Это обидело Нину. Поджав губы, она стала убирать со стола, демонстративно гремя тарелками.

Я вспоминал, что у меня в портфеле лежат для нее цветы, достал их, молча протянул.

Нина так растерялась, что у нее чуть не выпала из рук тарелка. Она взяла цветы двумя руками, смотрела на них долго и серьезно, хотя там смотреть было не на что. Потом подошла, села рядом, прижалась лицом к моему плечу. Я чувствовал щекой ее мягкие, теплые волосы, и мне казалось, что мог бы просидеть так всю свою жизнь.

Нина подняла голову, обняла меня, спросила таким тоном, будто читала стихи:

- Пойдем в воскресенье к дяде Боре?

За пять лет я так и не научился понимать ход ее мыслей.

- Денег не будет - пойдем.

- Какой ты милый сегодня! Необычный.

- Не вру, вот и необычный.

Зазвонил телефон. Нинины руки лежали на моей шее, и я не хотел вставать, Нина - тоже. Мы сидели и ждали, когда телефон замолчит.

Но ждать оказалось хуже. Я снял трубку.

- Простите, у вас случайно Вали нет? - робко спросили с того конца провода. Я узнал голос Леньки Чекалина.

- Случайно есть, - сказал я.

- Скотина ты - вот кто! - донесся до меня моментально окрепший баритон. Ленька тоже узнал меня.

Я вспомнил, что обещал быть у него вечером.

- Здравствуй, Леня, - поздоровался я.

- Чего-чего? - моему другу показалось, что он ослышался, потому что такие слова, как "здравствуй", "до свидания", "пожалуйста", он позабыл еще в школе.

- Здравствуй, - повторил я.

- Ты с ума сошел? - искренне поинтересовался Леня.

- Нет, просто я вежливый, - объяснил я.

- Он, оказывается, вежливый, - сказал Ленька, но не мне, а кому-то в сторону, так как голос его отодвинулся. - Подожди, у меня трубку рвут, это было сказано мне.

В трубке щелкнуло, потом я услышал дыхание, и высокий женский голос позвал:

- Валя!

Меня звали с другого конца Москвы, а я молчал. Врать не хотел, а говорить правду - тем более.

Сказать правду - значило потерять Нину, которая сидит за моей спиной и о которой я привык беспокоиться.

Я положил трубку.

- Кто это? - выдохнула Нина.
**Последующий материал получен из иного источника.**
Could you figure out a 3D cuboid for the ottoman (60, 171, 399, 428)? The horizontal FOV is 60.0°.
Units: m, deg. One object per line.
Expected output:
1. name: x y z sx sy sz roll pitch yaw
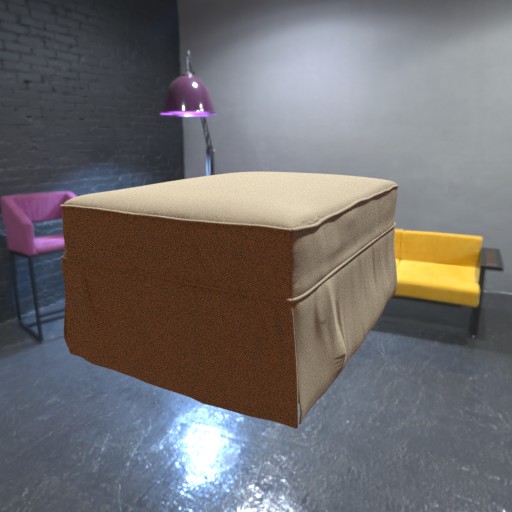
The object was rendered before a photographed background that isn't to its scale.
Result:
1. ottoman: 0.000 0.000 1.362 0.721 0.482 0.959 8 17 28

У нее были такие глаза, как будто она чуть не попала под грузовик.

- Женщина, - сказал я.

Нина встала, начала выносить на кухню посуду.
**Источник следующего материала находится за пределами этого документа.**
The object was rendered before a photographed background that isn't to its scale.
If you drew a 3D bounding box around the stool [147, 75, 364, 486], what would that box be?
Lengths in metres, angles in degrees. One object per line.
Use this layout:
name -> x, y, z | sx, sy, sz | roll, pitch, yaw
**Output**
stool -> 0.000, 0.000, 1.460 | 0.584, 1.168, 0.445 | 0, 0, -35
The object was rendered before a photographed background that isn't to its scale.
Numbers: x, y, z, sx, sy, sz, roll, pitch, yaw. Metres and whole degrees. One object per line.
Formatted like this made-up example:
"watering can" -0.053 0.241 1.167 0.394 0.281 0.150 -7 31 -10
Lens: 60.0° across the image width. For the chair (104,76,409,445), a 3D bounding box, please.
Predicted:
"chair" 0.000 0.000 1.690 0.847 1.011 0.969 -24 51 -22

Она входила и выходила, а я сидел на диване и курил.

Настроение было плохое, я не понимал почему: я прожил день так, как хотел, никого не боялся и говорил то, что думал. На меня, правда, все смотрели с удивлением, но были со мной добры.
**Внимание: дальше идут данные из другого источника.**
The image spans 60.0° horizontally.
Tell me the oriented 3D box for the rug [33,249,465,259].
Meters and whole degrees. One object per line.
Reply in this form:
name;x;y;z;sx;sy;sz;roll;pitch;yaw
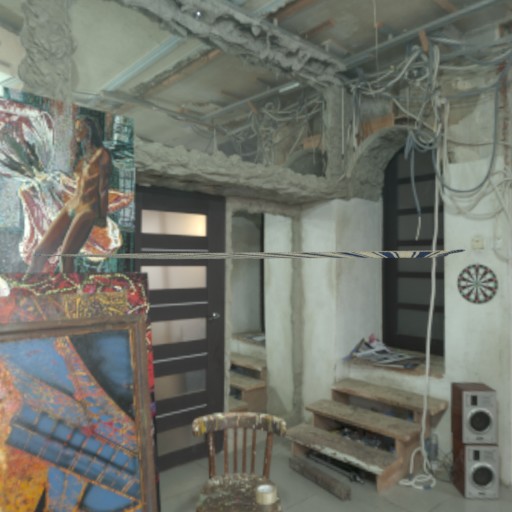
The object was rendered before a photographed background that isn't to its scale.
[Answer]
rug;0.000;0.000;2.591;2.108;0.009;1.248;0;-1;19

Я обнаружил сегодня, что людей добрых гораздо больше, чем злых, и как было бы удобно, если бы все вдруг решили говорить друг другу правду, даже в мелочах.

Потому что, если врать в мелочах, по инерции соврешь и в главном.

Преимущества сегодняшнего дня были для меня очевидны, однако я понимал, что если завтра захочу повторить сегодняшний день - контролерша оштрафует меня, Вера Петровна выгонит с работы, старик - из очереди, Нина - из дому.

Оказывается, говорить правду можно только в том случае, если живешь по правде. А иначе - или ври, или клади трубку.

В комнату вошла Нина, стала собирать со стола чашки.

- Ты о чем думаешь? - поинтересовалась она.

- Я думаю, что жить без вранья лучше, чем врать.

Нина пожала плечами.

- Это и дураку ясно.

Оказывается, дураку ясно, а мне нет. Мне вообще многое неясно из того, что очевидно Санде, Нининой маме.

Но где-то я недобрал того, что очевидно Леньке.

Ленька закончил институт вместе со мной и тоже нужен был в Москве двум женщинам. Однако он поехал в свою степь, а я нет. Я только хотел.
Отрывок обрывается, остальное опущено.